* _GOAL OF THE EXERCISE_
Only lines that contain the word "width" are to be returned from the data below.

------------------------------------------------------------

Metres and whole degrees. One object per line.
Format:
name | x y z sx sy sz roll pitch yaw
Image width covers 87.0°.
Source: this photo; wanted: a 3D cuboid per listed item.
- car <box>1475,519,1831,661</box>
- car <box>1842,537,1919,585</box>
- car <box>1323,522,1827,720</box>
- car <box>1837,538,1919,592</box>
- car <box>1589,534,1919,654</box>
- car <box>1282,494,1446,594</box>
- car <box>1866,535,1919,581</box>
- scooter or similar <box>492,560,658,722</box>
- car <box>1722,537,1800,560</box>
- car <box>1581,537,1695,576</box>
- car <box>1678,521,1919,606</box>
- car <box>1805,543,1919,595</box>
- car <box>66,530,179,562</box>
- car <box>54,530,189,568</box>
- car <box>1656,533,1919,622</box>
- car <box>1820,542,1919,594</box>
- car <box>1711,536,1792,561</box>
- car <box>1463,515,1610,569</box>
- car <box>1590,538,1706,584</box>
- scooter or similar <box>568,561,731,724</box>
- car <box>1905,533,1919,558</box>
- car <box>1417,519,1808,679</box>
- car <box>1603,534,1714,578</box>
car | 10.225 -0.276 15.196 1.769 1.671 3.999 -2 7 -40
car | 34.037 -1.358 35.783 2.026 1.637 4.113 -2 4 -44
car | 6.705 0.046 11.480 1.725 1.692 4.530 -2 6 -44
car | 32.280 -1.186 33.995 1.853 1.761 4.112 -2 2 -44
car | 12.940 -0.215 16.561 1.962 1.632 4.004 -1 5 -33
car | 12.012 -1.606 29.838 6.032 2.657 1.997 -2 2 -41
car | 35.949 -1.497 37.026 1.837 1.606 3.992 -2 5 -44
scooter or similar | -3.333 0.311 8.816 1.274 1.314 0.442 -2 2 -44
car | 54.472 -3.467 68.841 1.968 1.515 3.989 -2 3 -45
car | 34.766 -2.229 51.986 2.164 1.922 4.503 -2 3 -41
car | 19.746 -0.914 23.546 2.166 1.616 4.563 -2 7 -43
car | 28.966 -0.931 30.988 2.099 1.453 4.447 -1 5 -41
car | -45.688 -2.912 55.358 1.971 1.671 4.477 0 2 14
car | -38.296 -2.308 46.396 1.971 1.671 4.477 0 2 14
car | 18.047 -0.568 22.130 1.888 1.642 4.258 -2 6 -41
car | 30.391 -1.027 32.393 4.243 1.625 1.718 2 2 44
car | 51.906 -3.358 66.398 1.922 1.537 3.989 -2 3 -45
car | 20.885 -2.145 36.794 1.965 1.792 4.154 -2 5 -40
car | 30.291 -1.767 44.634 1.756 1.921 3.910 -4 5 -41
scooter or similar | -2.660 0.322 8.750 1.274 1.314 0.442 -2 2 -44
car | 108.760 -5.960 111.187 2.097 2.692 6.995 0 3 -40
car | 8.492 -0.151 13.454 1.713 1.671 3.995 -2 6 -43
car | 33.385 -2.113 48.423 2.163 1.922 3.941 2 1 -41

------------------------------------------------------------

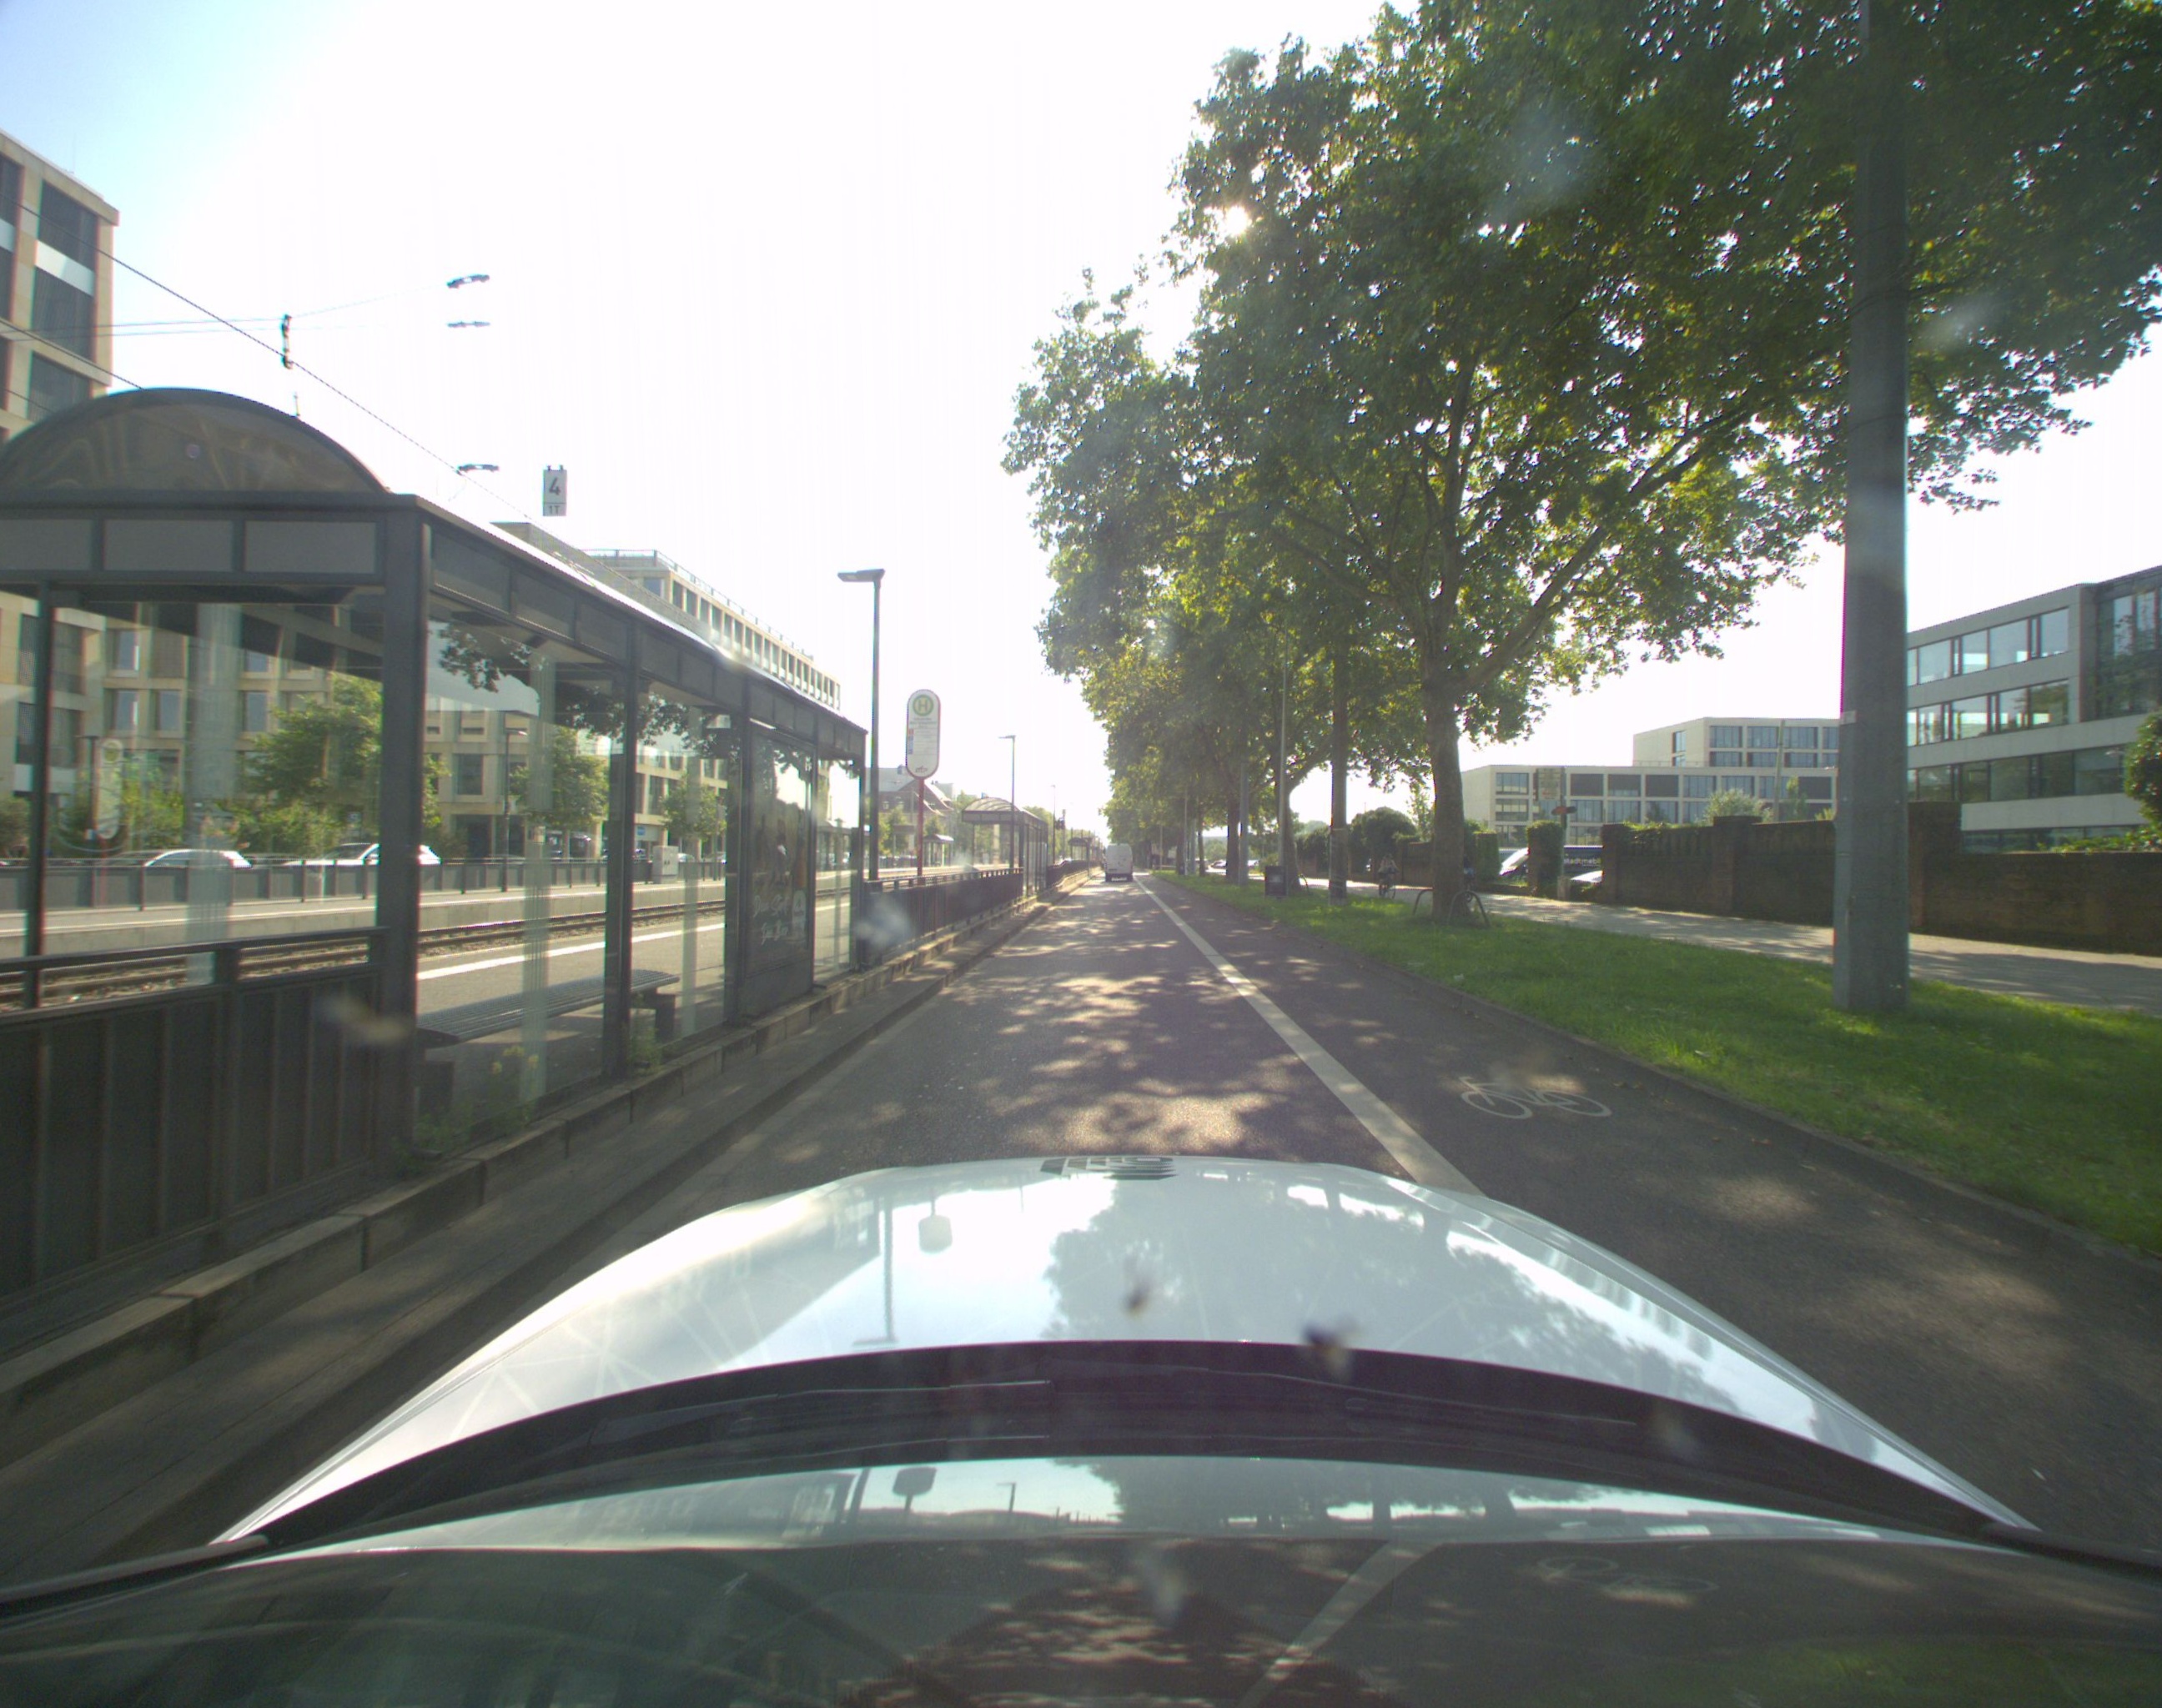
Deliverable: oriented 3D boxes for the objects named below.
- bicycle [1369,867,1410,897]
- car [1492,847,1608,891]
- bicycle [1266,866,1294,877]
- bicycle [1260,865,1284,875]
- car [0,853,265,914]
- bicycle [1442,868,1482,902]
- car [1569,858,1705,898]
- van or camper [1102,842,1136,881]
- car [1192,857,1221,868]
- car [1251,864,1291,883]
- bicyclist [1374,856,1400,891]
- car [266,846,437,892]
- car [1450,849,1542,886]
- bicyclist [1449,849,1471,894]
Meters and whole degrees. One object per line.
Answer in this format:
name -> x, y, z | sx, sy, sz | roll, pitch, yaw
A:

------------------------------------------------------------

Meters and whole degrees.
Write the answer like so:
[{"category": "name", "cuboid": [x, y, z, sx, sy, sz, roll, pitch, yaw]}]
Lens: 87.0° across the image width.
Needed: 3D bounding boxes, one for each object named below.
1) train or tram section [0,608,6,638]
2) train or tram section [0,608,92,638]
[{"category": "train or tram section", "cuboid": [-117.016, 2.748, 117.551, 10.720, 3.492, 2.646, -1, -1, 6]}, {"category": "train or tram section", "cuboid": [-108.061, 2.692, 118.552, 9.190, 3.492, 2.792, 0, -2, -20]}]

------------------------------------------------------------

* _SOLVED PROBLEM_
Image width covers 87.0°.
Lens: 87.0° across the image width.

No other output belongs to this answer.